If I scroll down, I can see at the very top of my form, I've a form tag and that form tag is going to surround the entire form itself. The form tag is going to have a name for the form a method of how the form data should be posted and an action that tell it where to send the data. From there, we're using fieldsets to separate the form into logical groupings. You may have noticed from the form itself that we had a Personal Information area and then we had an area that focused on the Areas of study that the prospective student might be interested in. Now as I scroll through this form, you can see that actually the form elements themselves are inside of an unordered list.

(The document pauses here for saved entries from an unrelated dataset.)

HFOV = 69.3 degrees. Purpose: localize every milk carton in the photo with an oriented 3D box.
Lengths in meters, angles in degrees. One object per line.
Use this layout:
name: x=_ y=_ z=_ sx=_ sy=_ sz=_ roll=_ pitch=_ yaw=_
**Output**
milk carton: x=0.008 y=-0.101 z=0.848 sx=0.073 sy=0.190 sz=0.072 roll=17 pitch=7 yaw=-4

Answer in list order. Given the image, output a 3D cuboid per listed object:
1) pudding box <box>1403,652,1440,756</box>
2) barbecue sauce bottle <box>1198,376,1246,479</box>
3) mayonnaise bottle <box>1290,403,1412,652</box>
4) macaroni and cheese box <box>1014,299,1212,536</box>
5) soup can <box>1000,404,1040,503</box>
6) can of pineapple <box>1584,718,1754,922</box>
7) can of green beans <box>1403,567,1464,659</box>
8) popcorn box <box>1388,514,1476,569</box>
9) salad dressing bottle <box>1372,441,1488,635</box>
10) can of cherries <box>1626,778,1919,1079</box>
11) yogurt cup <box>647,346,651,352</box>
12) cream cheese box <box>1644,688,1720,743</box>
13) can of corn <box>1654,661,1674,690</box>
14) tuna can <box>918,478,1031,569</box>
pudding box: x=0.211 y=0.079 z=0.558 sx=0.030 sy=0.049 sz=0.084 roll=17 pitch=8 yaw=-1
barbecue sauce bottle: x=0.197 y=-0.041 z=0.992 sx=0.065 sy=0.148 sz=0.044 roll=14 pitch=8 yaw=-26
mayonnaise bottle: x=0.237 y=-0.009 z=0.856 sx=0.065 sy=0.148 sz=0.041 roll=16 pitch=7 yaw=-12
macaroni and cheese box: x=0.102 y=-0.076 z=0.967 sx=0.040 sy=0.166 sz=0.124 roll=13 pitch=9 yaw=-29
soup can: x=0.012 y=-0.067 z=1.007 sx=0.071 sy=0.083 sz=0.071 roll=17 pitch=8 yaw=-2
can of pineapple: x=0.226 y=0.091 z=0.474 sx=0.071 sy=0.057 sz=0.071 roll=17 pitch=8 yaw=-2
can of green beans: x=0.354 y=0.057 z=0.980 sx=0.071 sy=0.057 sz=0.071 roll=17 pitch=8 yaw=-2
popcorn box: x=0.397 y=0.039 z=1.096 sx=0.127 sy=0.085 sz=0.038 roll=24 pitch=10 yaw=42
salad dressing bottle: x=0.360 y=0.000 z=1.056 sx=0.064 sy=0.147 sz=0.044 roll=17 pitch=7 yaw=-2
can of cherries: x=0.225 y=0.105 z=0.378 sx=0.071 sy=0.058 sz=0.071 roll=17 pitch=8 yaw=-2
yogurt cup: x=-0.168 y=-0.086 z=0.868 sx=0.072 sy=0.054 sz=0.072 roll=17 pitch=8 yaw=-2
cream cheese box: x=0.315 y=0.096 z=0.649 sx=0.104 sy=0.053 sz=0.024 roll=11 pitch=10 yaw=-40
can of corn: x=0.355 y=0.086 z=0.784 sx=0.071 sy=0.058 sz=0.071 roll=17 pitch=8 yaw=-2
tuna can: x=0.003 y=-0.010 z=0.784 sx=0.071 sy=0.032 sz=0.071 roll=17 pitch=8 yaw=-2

Lists are a really nice way to structure your form in terms of grouping form elements together and making sure that other user agents know that these elements are related to each other. So we're going to make a use of a list to add little bit of additional structure to our forms. You may also notice that all of the inputs which are the form elements themselves are typically tied into a label, so that the text that's above or below them is not a paragraph, it's actually found within a label tag, and the label relates to the input itself. Again, this is for other user agents that need to read the form and understand which text refers to which form element, that's especially helpful for screen readers, so that the form can be more accessible.
Now that we know the structure and the theory behind our form design, we're going to begin building it. Now when planning your own form design, you'll need to consider how the form should be structured to collect the data, what obstacles that users might encounter along the way, and what kind of visual styling and interactivity you can use to guide and instruct them as they fill out your form. You'll also need to know which form elements are used to collect certain types of data, so that you will use the right ones for any given situation. Giving somebody a radio button group, which only allows one choice for a question that should allow multiple choices for example, is a bad idea.
By considering carefully all of the goals and usability issues of your form beforehand, you're going to create a functional effortless form that enhances the usability of your site.